### Exercise goal
Word for word, return each entry that follows, with every image removed.

Items from a data source

BEGIN

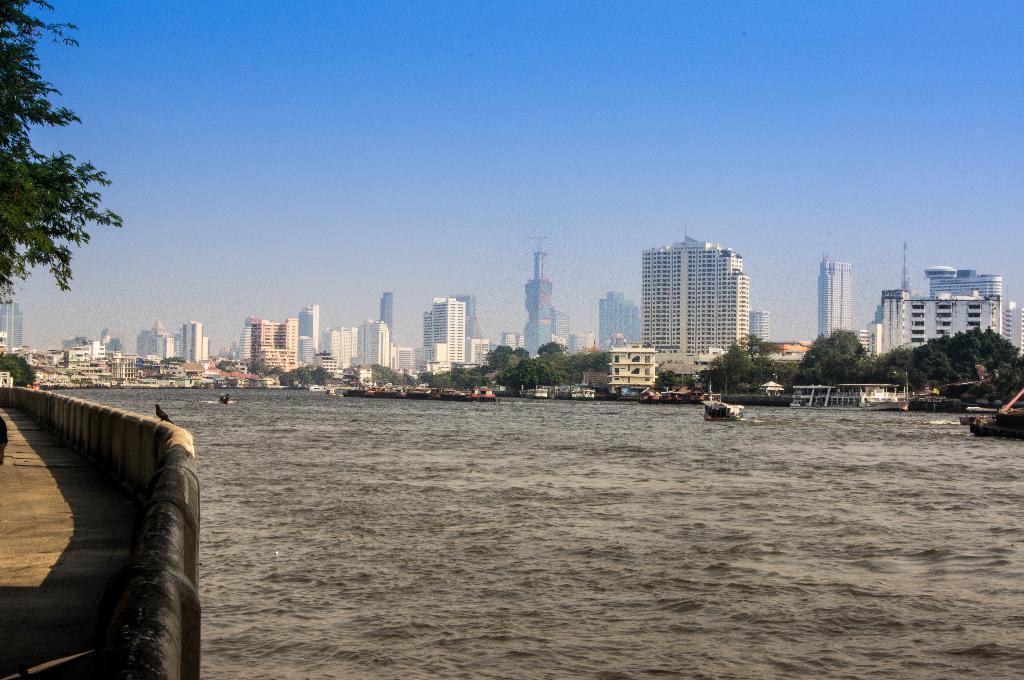In one or two sentences, can you explain what this image depicts? In this picture we can see few boats on the water, in the background we can find few buildings and trees. 
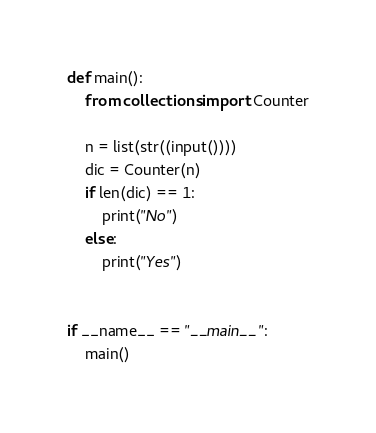Convert code to text. <code><loc_0><loc_0><loc_500><loc_500><_Python_>def main():
    from collections import Counter

    n = list(str((input())))
    dic = Counter(n)
    if len(dic) == 1:
        print("No")
    else:
        print("Yes")


if __name__ == "__main__":
    main()</code> 
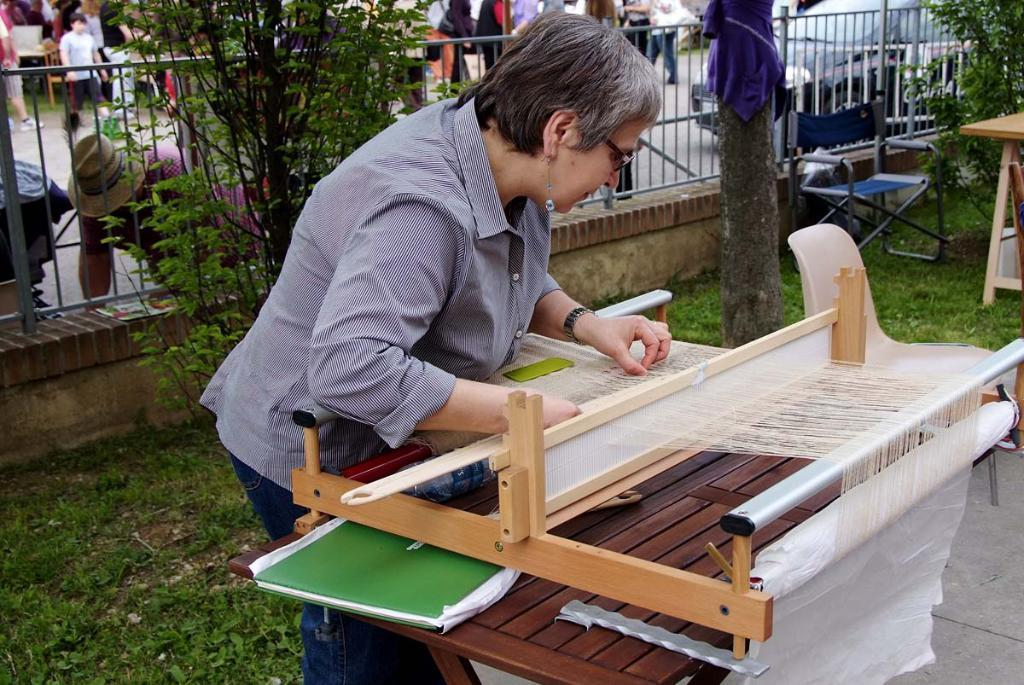What is the woman in the image doing? The woman is weaving wool. What can be seen in the background of the image? There are trees visible in the image. What piece of furniture is present in the image? There is a chair in the image. What else is happening in the image? There are people standing on the road in the image. Where is the map located in the image? There is no map present in the image. Can you see any icicles hanging from the trees in the image? There are no icicles visible in the image; it appears to be a warm setting with trees. 
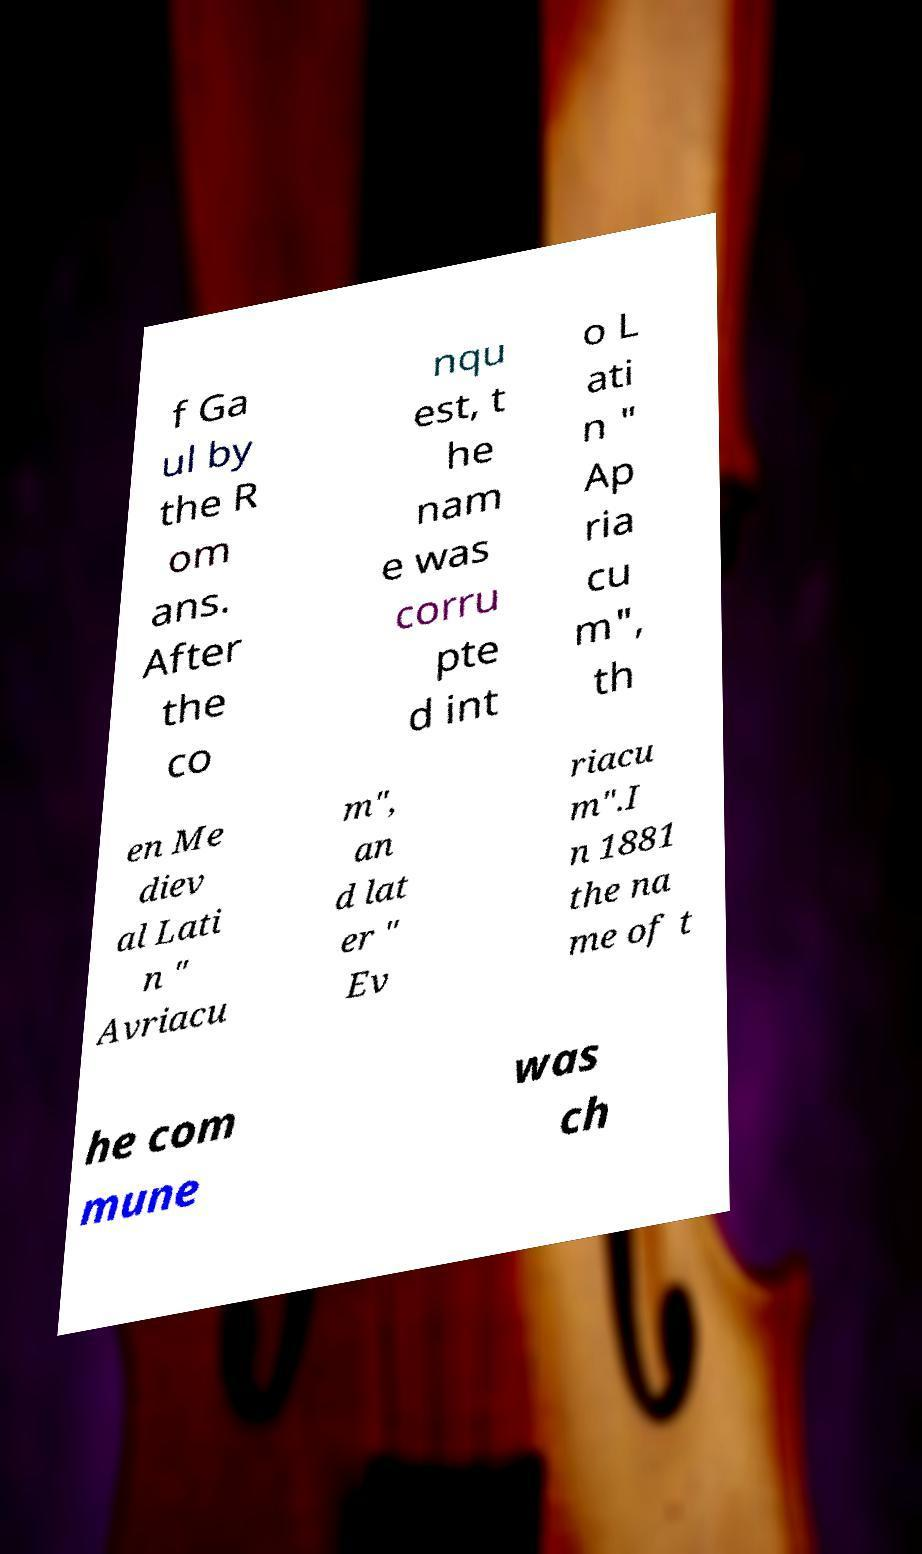Can you read and provide the text displayed in the image?This photo seems to have some interesting text. Can you extract and type it out for me? f Ga ul by the R om ans. After the co nqu est, t he nam e was corru pte d int o L ati n " Ap ria cu m", th en Me diev al Lati n " Avriacu m", an d lat er " Ev riacu m".I n 1881 the na me of t he com mune was ch

END

### Answer to this exercise
In one or two sentences, can you explain what this image depicts? In this picture we can see few boats on the water, in the background we can find few buildings and trees. 
Convert code to text. <code><loc_0><loc_0><loc_500><loc_500><_Python_>def main():
    from collections import Counter

    n = list(str((input())))
    dic = Counter(n)
    if len(dic) == 1:
        print("No")
    else:
        print("Yes")


if __name__ == "__main__":
    main()</code> 
What is the woman in the image doing? The woman is weaving wool. What can be seen in the background of the image? There are trees visible in the image. What piece of furniture is present in the image? There is a chair in the image. What else is happening in the image? There are people standing on the road in the image. Where is the map located in the image? There is no map present in the image. Can you see any icicles hanging from the trees in the image? There are no icicles visible in the image; it appears to be a warm setting with trees. 
Can you read and provide the text displayed in the image?This photo seems to have some interesting text. Can you extract and type it out for me? f Ga ul by the R om ans. After the co nqu est, t he nam e was corru pte d int o L ati n " Ap ria cu m", th en Me diev al Lati n " Avriacu m", an d lat er " Ev riacu m".I n 1881 the na me of t he com mune was ch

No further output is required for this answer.